EDITOR'S NOTE: Today continues our eight-part debate on the resolution, "Does objective morality depend on the existence of God?" We'll hear from two sharp young thinkers. Joe Heschmeyer, a Catholic seminarian in Kansas City, Kansas, will argue the affirmative view. Steven Dillon, a gifted philosopher and a former Catholic seminarian, will argue the negative. The eight parts will run as follows:

Monday (11/4) - Joe's opening statement (affirmative)
Tuesday (11/5) - Steven's opening statement (negative)
Wednesday (11/6) - Joe's rebuttal (affirmative)
Thursday (11/7) - Steven's rebuttal (negative)
Friday (11/8) - Questions exchanged (three questions each)
Saturday (11/9) - Answers (Joe and Steven answer each other's questions)
Sunday (11/10) - Joe's closing statement (affirmative)
Monday (11/11) - Steven's closing statement (negative)

Both Joe and Steven have agreed to be present in the comment boxes, so if you have a specific question for them, ask away!
 


 

Introduction

 
With deep gratitude towards Steven Dillon (for an engaging and charitable debate), Strange Notions (for hosting it), and all of you (for reading and participating in the comments), here’s my response to Steven’s opening statement:

Is Agony Intrinsically Evil?

 
In my opening statement, I suggested that non-theistic moral systems cannot be the source of objective moral claims. In his opening statement, Steven proposed what he described as an “exceptionally good” candidate for a necessarily true moral proposition: that “agony is intrinsically bad.”

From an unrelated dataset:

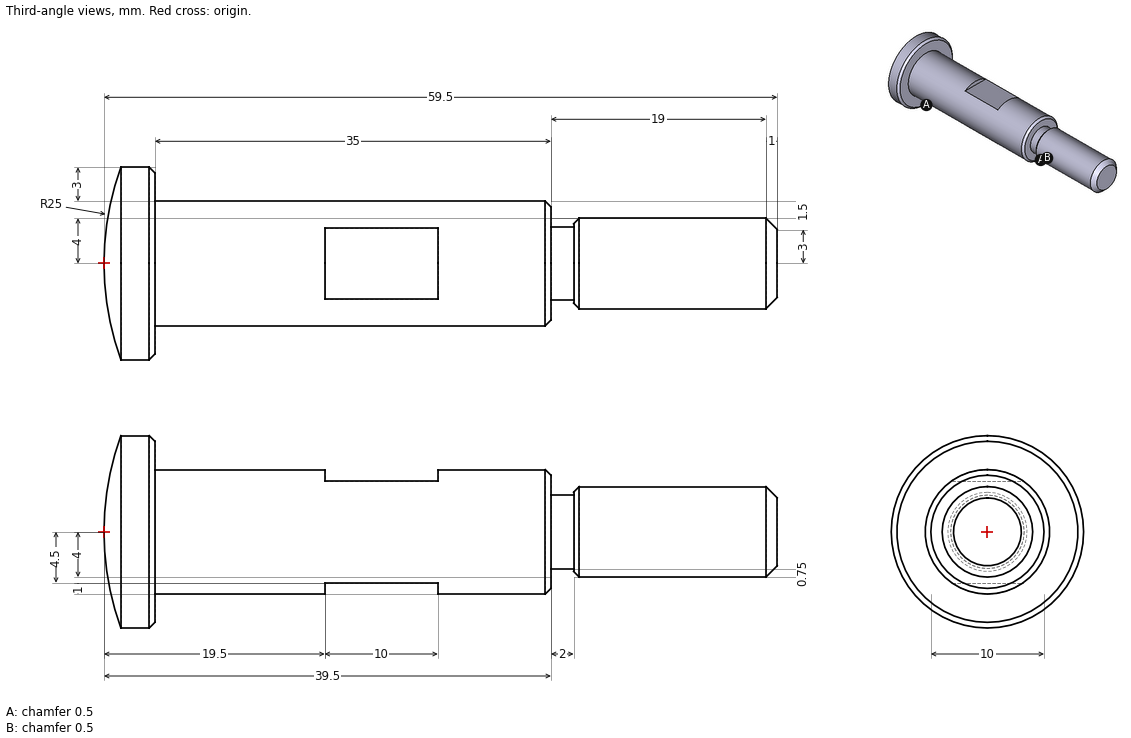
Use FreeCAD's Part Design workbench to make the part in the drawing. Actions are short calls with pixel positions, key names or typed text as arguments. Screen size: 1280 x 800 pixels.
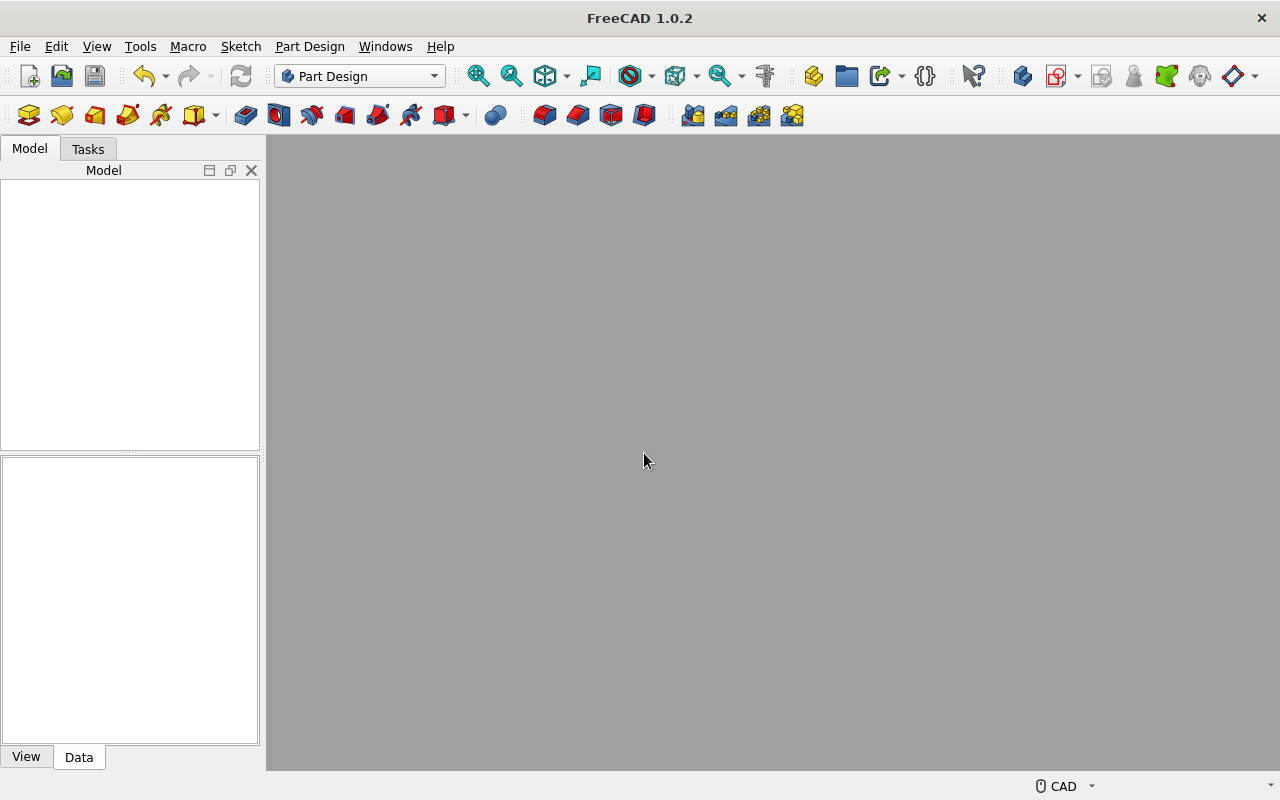
click(29, 76)

He defines “agony” as “an intense and extreme amount of pain.” But instead of defining what it means to call agony “intrinsically bad,” he simply gives “some paradigmatic examples of bad things.” For example: “It’s bad when parents have to live their lives in worry and stress because of inopportunity and an unfair society.”

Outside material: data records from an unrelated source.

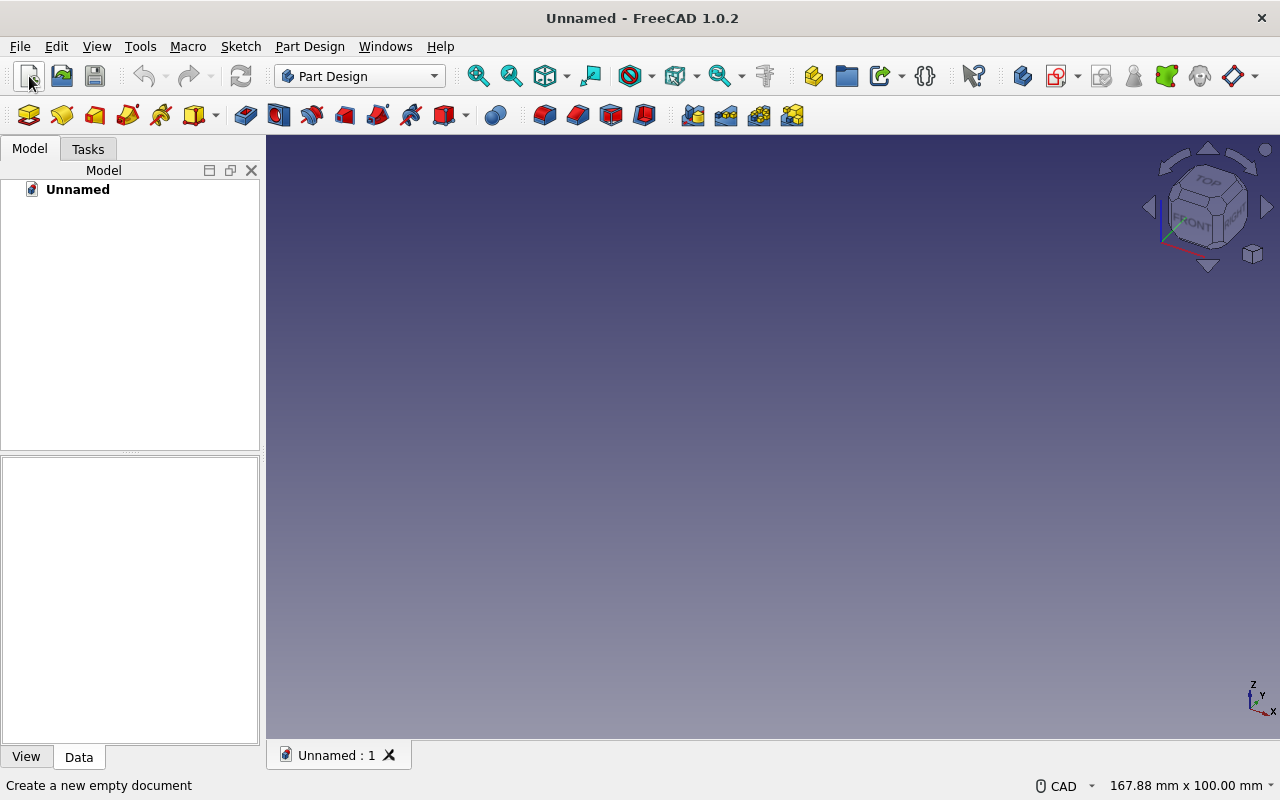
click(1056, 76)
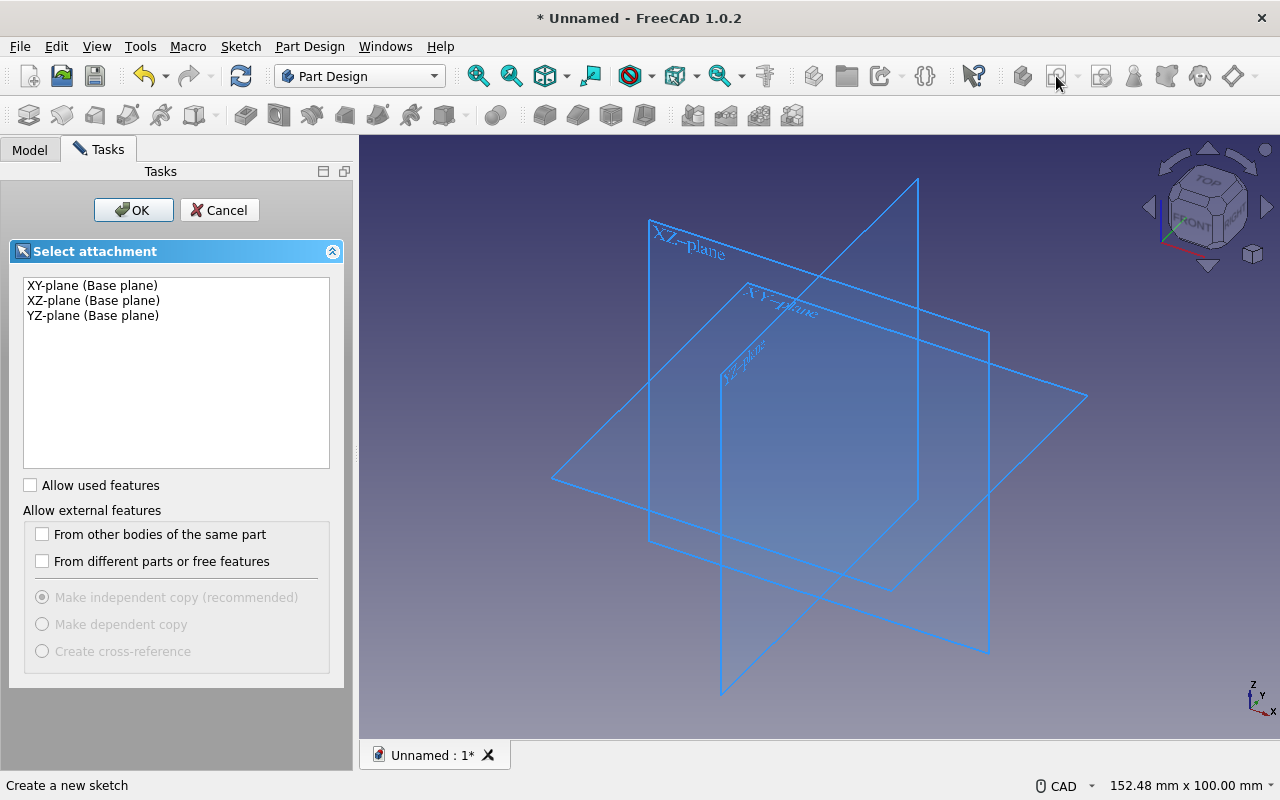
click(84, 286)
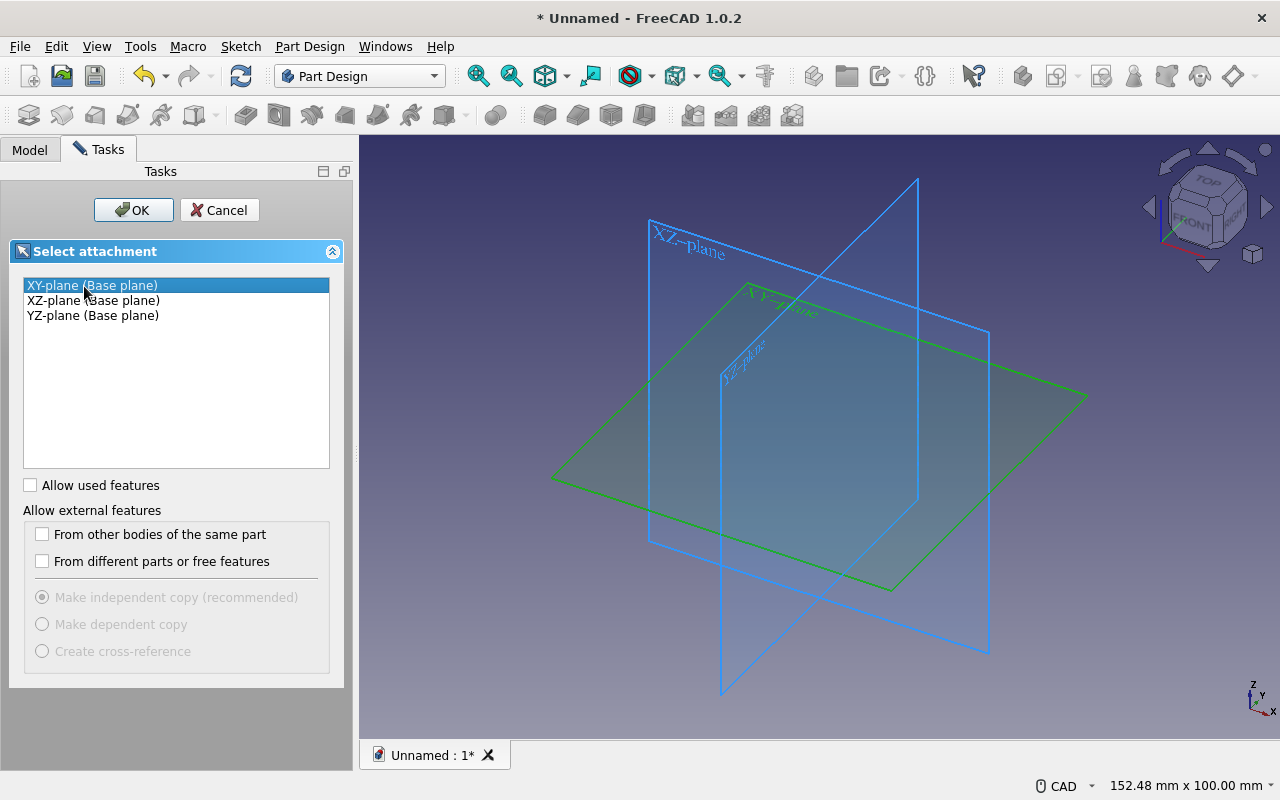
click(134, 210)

So what does it mean to call agony “intrinsically bad,” exactly? Do we mean simply that agony is extremely unpleasant or, in some way, painful? If so, that seems tautological, like saying “extremely painful things are painful.” Besides being uninformative, that’s not even be a moral claim.

It’s possible that this tautology is all Stephen aims to prove with the proposition. His argument is that “we did not conclude that agony is intrinsically bad because some further necessary truth dictated as much. We didn’t even consider other propositions, after all. We just thought about what the proposition meant, and it seemed to us that it was true.” But if that is the case, then he hasn’t done the job of establishing a moral proposition at all. Even a torturer could readily and gleefully affirm, “agony is very painful!” That, I suspect, is the point.

So saying agony is painful doesn’t say it’s good or evil, that it should be pursued or avoided, etc. As G.E. Moore would say, these are “is” claims, not “ought” claims. Saying that agony is painful may describe reality, but it doesn’t tell us how we ought to behave (or not behave) without reference, at least implicitly, to some sort of moral code or system. And it’s that moral system that we’re looking for.

Let’s consider an alternative interpretation of the proposition “agony is intrinsically bad.” Since Steven tells us that this is a moral proposition, he may mean that agony is a moral evil, never to be intentionally committed. If so, is that true?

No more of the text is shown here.